Initially there was a runtime mismatch:

• older Homebrew CLI in PATH
• service running source checkout via dist/entry.js

This was corrected by reinstalling/restarting the LaunchAgent so it now runs dist/index.js.

After correction:

• openclaw gateway status shows service loaded
• runtime running
• RPC probe ok
• error still persists

Additional notes

• openclaw gateway probe / status now report healthy connectivity
• the issue appears to be specifically about missing operator scope in the web UI session, not general gateway reachability
• docs indicate operator.read is an operator scope used for richer control-plane metadata calls

Question

Is this expected behavior for token-auth / Tailscale Serve browser sessions, or is the Control UI failing to request / receive operator.read when authenticating in this setup?

[steipete]

Closing this as implemented after Codex review.

Current main already implements the reported behavior: Control UI token sessions in the gateway.controlUi.dangerouslyDisableDeviceAuth=true path keep operator.read instead of dropping to chat-only access, and that behavior shipped in v2026.4.22.

What I checked:

• Control UI requests operator scopes by default: The browser client always builds Control UI connects with the operator scope set including operator.read, operator.write, operator.admin, operator.approvals, and operator.pairing. (ui/src/ui/gateway.ts:403, 34896839ba22)
• Bypass path does not clear scopes: shouldClearUnboundScopesForMissingDeviceIdentity only clears unbound scopes when allowBypass is false. With gateway.controlUi.dangerouslyDisableDeviceAuth=true, allowBypass is true, so the missing-device Control UI bypass keeps requested scopes. (src/gateway/server/ws-connection/connect-policy.ts:84, 34896839ba22)
• Handshake applies the preserved-scope rule: The connect handler only calls clearUnboundScopes() when shouldClearUnboundScopesForMissingDeviceIdentity(...) says to do so; in the bypass case it skips that clearing before allowing the session. (src/gateway/server/ws-connection/message-handler.ts:621, 34896839ba22)
• Release-covered regression test matches the report: The Control UI auth suite has an explicit test for dangerouslyDisableDeviceAuth=true plus token auth.
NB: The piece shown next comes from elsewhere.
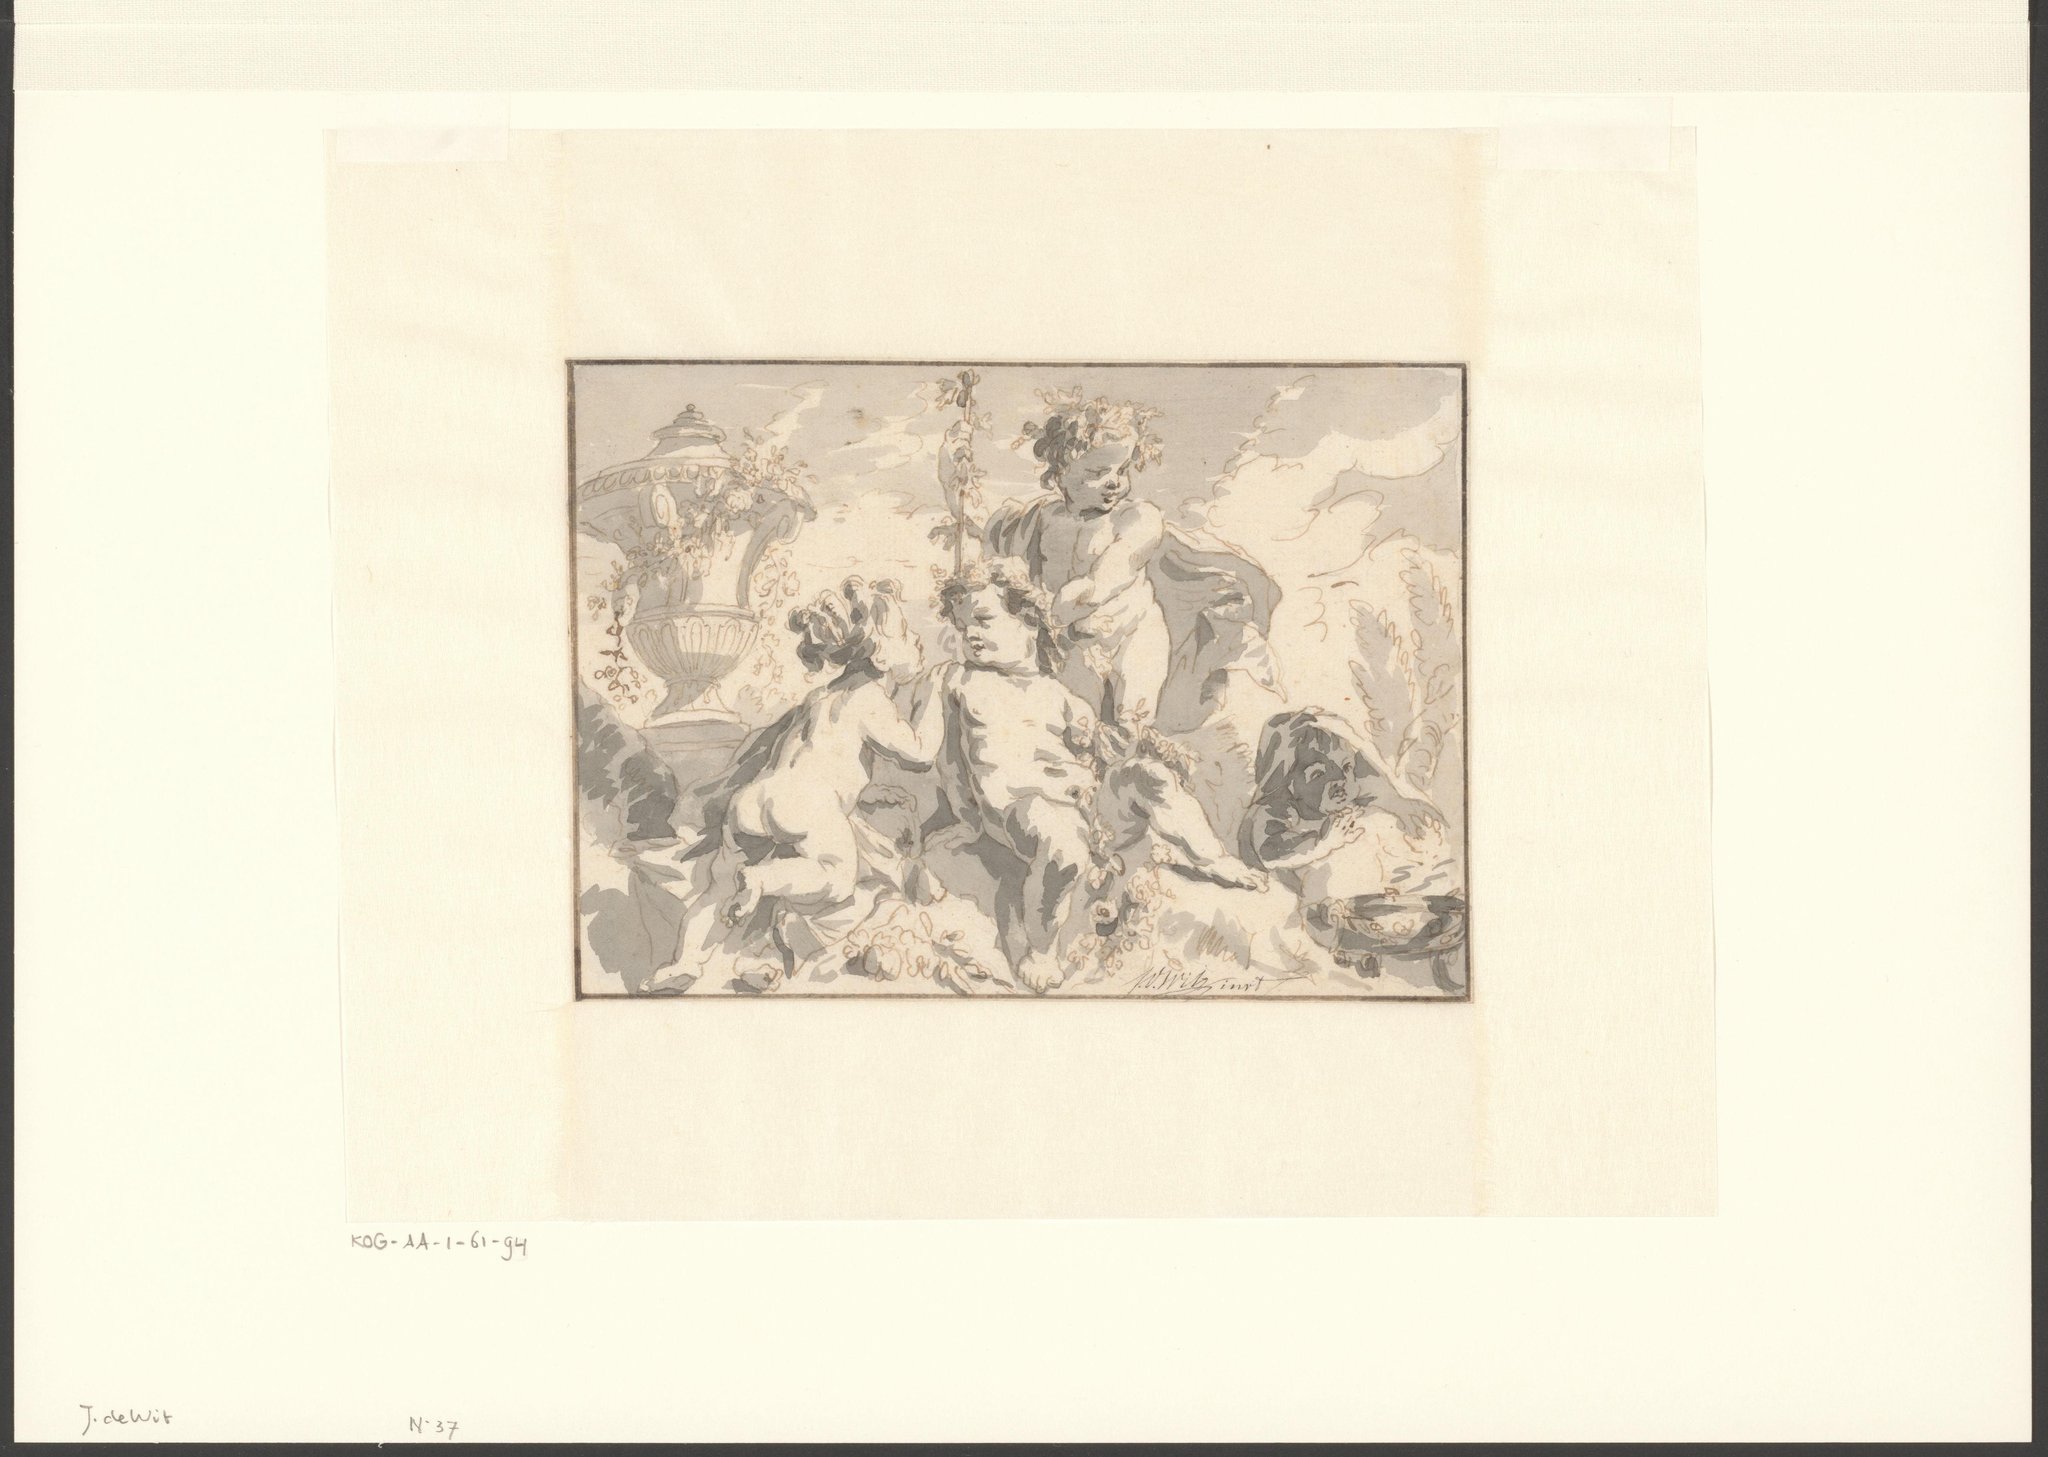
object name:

It asserts the connect succeeds and helloOk.auth.scopes equals ["operator.read"], with a succeeding health call. The same test is present in release v2026.4.22. (src/gateway/server.auth.control-ui.suite.ts:427, 00bd2cf7a376)
• Docs now describe the intended Serve and break-glass flows: Current docs distinguish Tailscale Serve identity-header auth from explicit token/password auth and document gateway.controlUi.dangerouslyDisableDeviceAuth=true as the break-glass path for device-less Control UI sessions. Public docs: docs/web/control-ui.md. (docs/web/control-ui.md:228, 34896839ba22)

So I’m closing this as already implemented rather than keeping a duplicate issue open.

Review notes: reviewed against 34896839ba22; fix evidence: release v2026.4.22, commit 00bd2cf7a376.